Let's see what happens if we don't remove the bars:

In [28]:
for i in trange(5, desc="i"):
    for j in trange(5, desc=f"j ({i=})", leave=True):
        for k in trange(5, desc=f"k ({i=} {j=})", leave=True):
            sleep(0.01)

i:   0%|          | 0/5 [00:00<?, ?it/s]

j (i=0):   0%|          | 0/5 [00:00<?, ?it/s]

k (i=0 j=0):   0%|          | 0/5 [00:00<?, ?it/s]

k (i=0 j=1):   0%|          | 0/5 [00:00<?, ?it/s]

k (i=0 j=2):   0%|          | 0/5 [00:00<?, ?it/s]

k (i=0 j=3):   0%|          | 0/5 [00:00<?, ?it/s]

k (i=0 j=4):   0%|          | 0/5 [00:00<?, ?it/s]

j (i=1):   0%|          | 0/5 [00:00<?, ?it/s]

k (i=1 j=0):   0%|          | 0/5 [00:00<?, ?it/s]

k (i=1 j=1):   0%|          | 0/5 [00:00<?, ?it/s]

k (i=1 j=2):   0%|          | 0/5 [00:00<?, ?it/s]

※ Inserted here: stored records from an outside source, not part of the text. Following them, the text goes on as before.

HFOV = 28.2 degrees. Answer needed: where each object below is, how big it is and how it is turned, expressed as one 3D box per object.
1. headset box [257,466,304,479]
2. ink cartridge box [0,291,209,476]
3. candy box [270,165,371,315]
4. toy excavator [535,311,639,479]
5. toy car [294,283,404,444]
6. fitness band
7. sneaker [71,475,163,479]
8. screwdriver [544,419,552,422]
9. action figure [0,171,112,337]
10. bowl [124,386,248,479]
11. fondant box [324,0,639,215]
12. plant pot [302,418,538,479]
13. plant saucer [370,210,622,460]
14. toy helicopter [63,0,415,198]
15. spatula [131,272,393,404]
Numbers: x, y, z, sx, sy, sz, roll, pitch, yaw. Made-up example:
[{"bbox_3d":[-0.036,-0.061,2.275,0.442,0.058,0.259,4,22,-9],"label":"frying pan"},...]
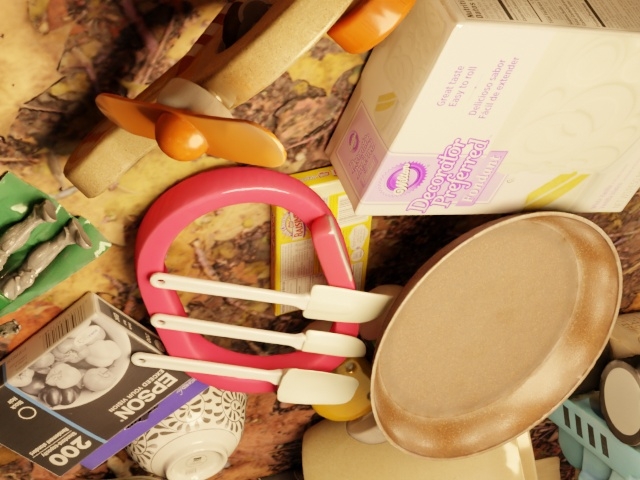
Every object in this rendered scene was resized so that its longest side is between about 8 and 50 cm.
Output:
[{"bbox_3d":[0.047,0.426,1.781,0.283,0.131,0.246,-13,131,-15],"label":"headset box"},{"bbox_3d":[-0.243,0.169,1.367,0.206,0.045,0.208,-37,131,17],"label":"ink cartridge box"},{"bbox_3d":[0.000,0.000,1.333,0.105,0.027,0.206,-11,143,-12],"label":"candy box"},{"bbox_3d":[0.391,0.294,1.723,0.222,0.433,0.445,-6,110,-23],"label":"toy excavator"},{"bbox_3d":[0.068,0.128,1.450,0.182,0.136,0.159,-30,109,13],"label":"toy car"},{"bbox_3d":[-0.071,0.046,1.285,0.209,0.054,0.291,-12,134,5],"label":"fitness band"},{"bbox_3d":[-0.205,0.328,1.548,0.222,0.083,0.118,2,168,33],"label":"sneaker"},{"bbox_3d":[0.410,0.272,1.921,0.170,0.024,0.025,-5,112,-22],"label":"screwdriver"},{"bbox_3d":[-0.319,0.052,1.178,0.232,0.063,0.137,-40,130,10],"label":"action figure"},{"bbox_3d":[-0.156,0.234,1.501,0.170,0.080,0.170,-15,143,-11],"label":"bowl"},{"bbox_3d":[0.200,-0.135,1.215,0.330,0.096,0.238,-1,139,-28],"label":"fondant box"},{"bbox_3d":[0.125,0.279,1.609,0.274,0.256,0.256,-12,146,12],"label":"plant pot"},{"bbox_3d":[0.178,0.095,1.334,0.310,0.050,0.311,-16,127,-22],"label":"plant saucer"},{"bbox_3d":[-0.094,-0.116,0.988,0.140,0.235,0.355,40,133,-21],"label":"toy helicopter"},{"bbox_3d":[-0.064,0.101,1.289,0.242,0.019,0.168,8,134,-14],"label":"spatula"}]
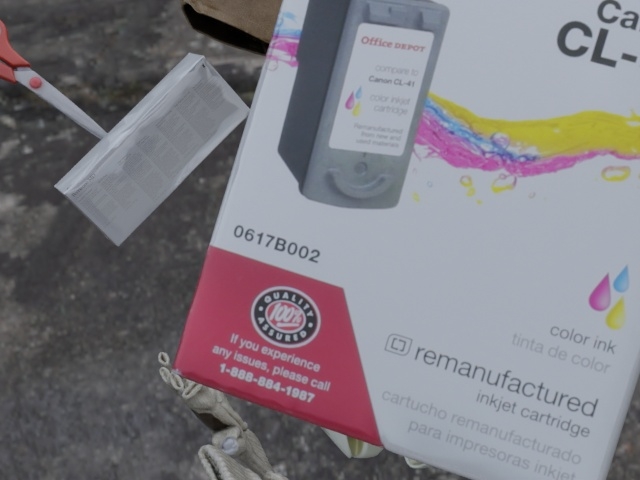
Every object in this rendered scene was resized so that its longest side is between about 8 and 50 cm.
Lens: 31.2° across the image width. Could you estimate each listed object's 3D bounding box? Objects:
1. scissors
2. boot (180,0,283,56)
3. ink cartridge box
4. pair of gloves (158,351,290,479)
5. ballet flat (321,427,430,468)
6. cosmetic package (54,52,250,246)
[{"bbox_3d":[-0.378,-0.221,1.485,0.297,0.021,0.109,23,71,2],"label":"scissors"},{"bbox_3d":[-0.013,-0.241,1.292,0.305,0.112,0.115,17,66,-15],"label":"boot"},{"bbox_3d":[0.080,-0.043,0.601,0.226,0.306,0.131,17,4,13],"label":"ink cartridge box"},{"bbox_3d":[-0.070,0.214,1.121,0.042,0.204,0.240,-37,39,-1],"label":"pair of gloves"},{"bbox_3d":[0.110,0.234,1.629,0.483,0.182,0.164,-4,6,42],"label":"ballet flat"},{"bbox_3d":[-0.207,-0.115,1.422,0.239,0.099,0.060,-46,30,-9],"label":"cosmetic package"}]
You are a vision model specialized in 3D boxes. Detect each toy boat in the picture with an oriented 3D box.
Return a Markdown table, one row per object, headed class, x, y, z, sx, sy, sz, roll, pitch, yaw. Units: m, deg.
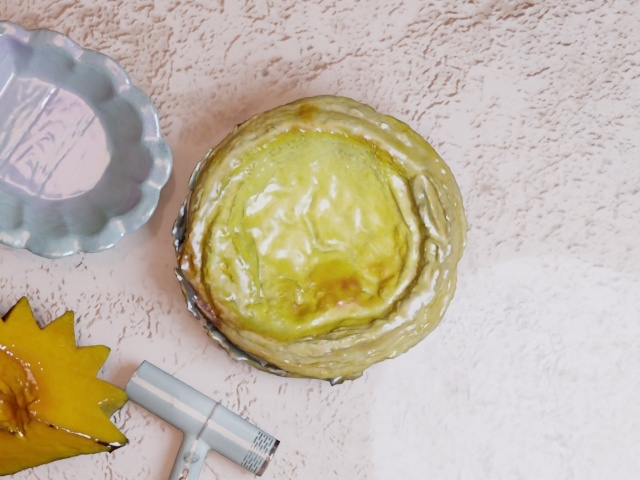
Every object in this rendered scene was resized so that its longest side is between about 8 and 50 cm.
| class | x | y | z | sx | sy | sz | roll | pitch | yaw |
| --- | --- | --- | --- | --- | --- | --- | --- | --- | --- |
| toy boat | -0.278 | -0.102 | 1.804 | 0.290 | 0.100 | 0.199 | 35 | 83 | 0 |

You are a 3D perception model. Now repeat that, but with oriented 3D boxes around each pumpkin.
| class | x | y | z | sx | sy | sz | roll | pitch | yaw |
| --- | --- | --- | --- | --- | --- | --- | --- | --- | --- |
| pumpkin | -0.316 | 0.136 | 1.791 | 0.254 | 0.149 | 0.130 | 19 | 48 | -22 |

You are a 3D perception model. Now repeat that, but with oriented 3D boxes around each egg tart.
| class | x | y | z | sx | sy | sz | roll | pitch | yaw |
| --- | --- | --- | --- | --- | --- | --- | --- | --- | --- |
| egg tart | 0.000 | 0.000 | 1.817 | 0.278 | 0.095 | 0.279 | 0 | 88 | 1 |

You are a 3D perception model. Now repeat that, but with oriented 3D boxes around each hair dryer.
| class | x | y | z | sx | sy | sz | roll | pitch | yaw |
| --- | --- | --- | --- | --- | --- | --- | --- | --- | --- |
| hair dryer | -0.149 | 0.228 | 1.811 | 0.155 | 0.044 | 0.183 | 32 | 87 | 2 |
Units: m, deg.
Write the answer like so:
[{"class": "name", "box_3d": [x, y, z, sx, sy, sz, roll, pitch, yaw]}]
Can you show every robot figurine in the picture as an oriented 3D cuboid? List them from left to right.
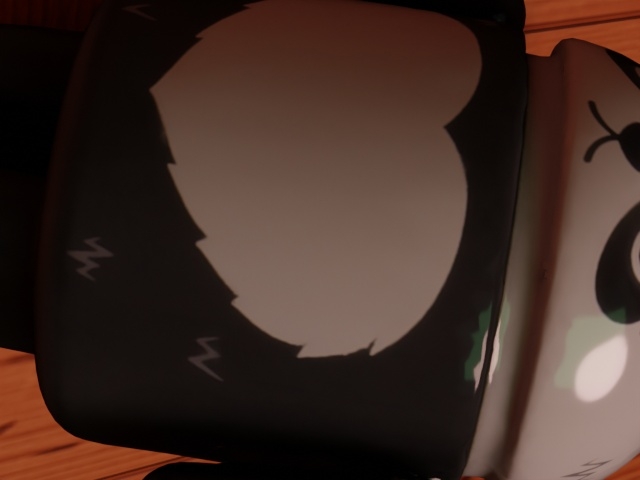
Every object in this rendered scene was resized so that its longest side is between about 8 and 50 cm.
[{"class": "robot figurine", "box_3d": [0.000, -0.003, 0.521, 0.278, 0.173, 0.209, 9, 101, 2]}]
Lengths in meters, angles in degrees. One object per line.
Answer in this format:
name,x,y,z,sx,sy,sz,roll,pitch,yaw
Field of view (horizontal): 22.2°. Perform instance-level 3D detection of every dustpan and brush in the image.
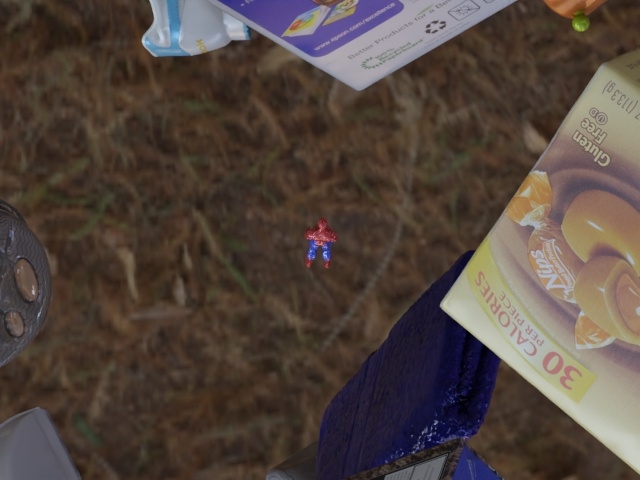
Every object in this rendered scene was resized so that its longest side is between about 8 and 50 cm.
dustpan and brush,-0.291,0.248,1.485,0.060,0.211,0.147,-26,90,19

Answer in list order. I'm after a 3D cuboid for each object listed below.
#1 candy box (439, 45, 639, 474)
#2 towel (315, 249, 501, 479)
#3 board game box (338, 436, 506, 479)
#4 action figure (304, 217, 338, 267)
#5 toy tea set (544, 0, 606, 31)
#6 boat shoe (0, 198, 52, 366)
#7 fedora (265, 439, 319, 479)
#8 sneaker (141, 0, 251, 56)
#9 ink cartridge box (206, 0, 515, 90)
candy box,0.243,0.059,0.900,0.316,0.087,0.183,40,121,14
towel,0.082,0.173,1.555,0.076,0.227,0.308,25,136,-12
board game box,0.015,0.309,1.212,0.141,0.232,0.291,45,136,-19
action figure,0.000,0.000,1.844,0.038,0.030,0.115,8,161,0
toy tea set,0.284,-0.398,1.820,0.200,0.336,0.124,40,148,-18
boat shoe,-0.339,0.060,0.986,0.355,0.130,0.132,-15,111,-11
fedora,0.017,0.313,1.856,0.124,0.275,0.243,-8,122,-23
sneaker,-0.126,-0.259,1.292,0.092,0.087,0.228,-16,91,3
ink cartridge box,-0.005,-0.205,0.984,0.176,0.069,0.371,-28,156,23
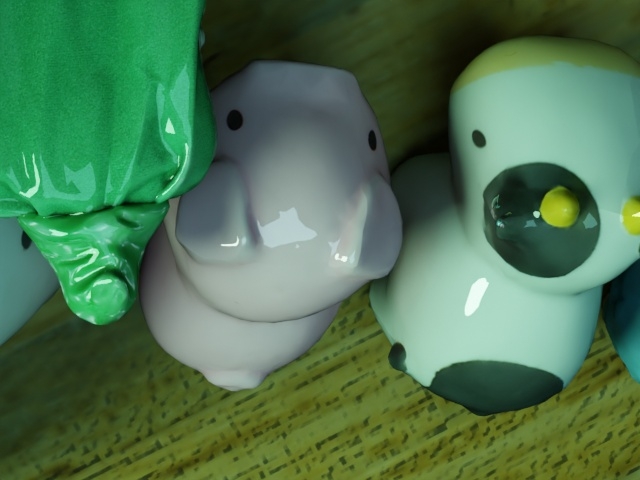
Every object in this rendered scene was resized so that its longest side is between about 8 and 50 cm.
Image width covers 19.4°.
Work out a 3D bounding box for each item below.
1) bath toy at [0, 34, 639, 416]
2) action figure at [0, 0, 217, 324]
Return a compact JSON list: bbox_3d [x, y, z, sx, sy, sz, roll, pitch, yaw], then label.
[{"bbox_3d":[0.000,0.000,0.637,0.348,0.129,0.151,2,117,-14],"label":"bath toy"},{"bbox_3d":[-0.075,-0.091,0.551,0.137,0.063,0.232,-4,85,-10],"label":"action figure"}]
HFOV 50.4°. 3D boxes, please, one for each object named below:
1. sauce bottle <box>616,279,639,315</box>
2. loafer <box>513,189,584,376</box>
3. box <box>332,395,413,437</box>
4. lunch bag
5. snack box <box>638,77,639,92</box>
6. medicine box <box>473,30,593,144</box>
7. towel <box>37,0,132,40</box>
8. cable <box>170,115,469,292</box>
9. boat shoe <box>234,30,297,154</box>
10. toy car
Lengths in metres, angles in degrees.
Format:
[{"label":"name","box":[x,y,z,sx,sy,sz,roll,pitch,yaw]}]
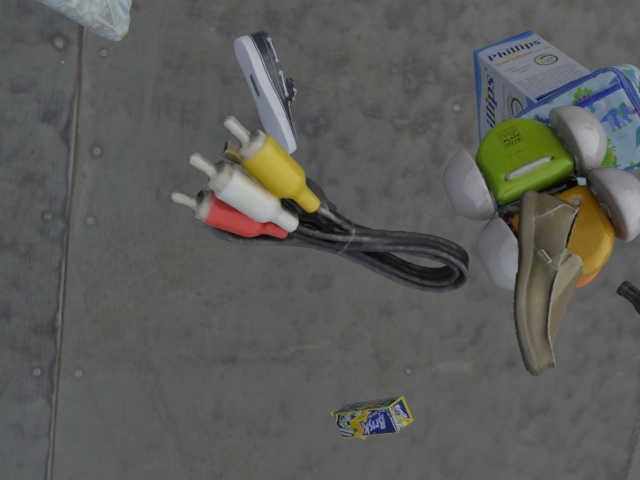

k (i=1 j=3):   0%|          | 0/5 [00:00<?, ?it/s]

k (i=1 j=4):   0%|          | 0/5 [00:00<?, ?it/s]

j (i=2):   0%|          | 0/5 [00:00<?, ?it/s]

k (i=2 j=0):   0%|          | 0/5 [00:00<?, ?it/s]

k (i=2 j=1):   0%|          | 0/5 [00:00<?, ?it/s]

k (i=2 j=2):   0%|          | 0/5 [00:00<?, ?it/s]

k (i=2 j=3):   0%|          | 0/5 [00:00<?, ?it/s]

k (i=2 j=4):   0%|          | 0/5 [00:00<?, ?it/s]

j (i=3):   0%|          | 0/5 [00:00<?, ?it/s]

k (i=3 j=0):   0%|          | 0/5 [00:00<?, ?it/s]

k (i=3 j=1):   0%|          | 0/5 [00:00<?, ?it/s]

k (i=3 j=2):   0%|          | 0/5 [00:00<?, ?it/s]

k (i=3 j=3):   0%|          | 0/5 [00:00<?, ?it/s]

k (i=3 j=4):   0%|          | 0/5 [00:00<?, ?it/s]

j (i=4):   0%|          | 0/5 [00:00<?, ?it/s]

k (i=4 j=0):   0%|          | 0/5 [00:00<?, ?it/s]

k (i=4 j=1):   0%|          | 0/5 [00:00<?, ?it/s]

k (i=4 j=2):   0%|          | 0/5 [00:00<?, ?it/s]

k (i=4 j=3):   0%|          | 0/5 [00:00<?, ?it/s]

k (i=4 j=4):   0%|          | 0/5 [00:00<?, ?it/s]

## Conclusion

This is a very neat and easy to use library, giving a lot of functionality out of the box, along with a slew of customization options.

It has much more functionality than I presented here - it will work fine with multi-threading, is async aware, and of course CLI style apps.

It even supports more advanced features such as callbacks, hooks, Pandas integration, Keras and Dask integration and much much more.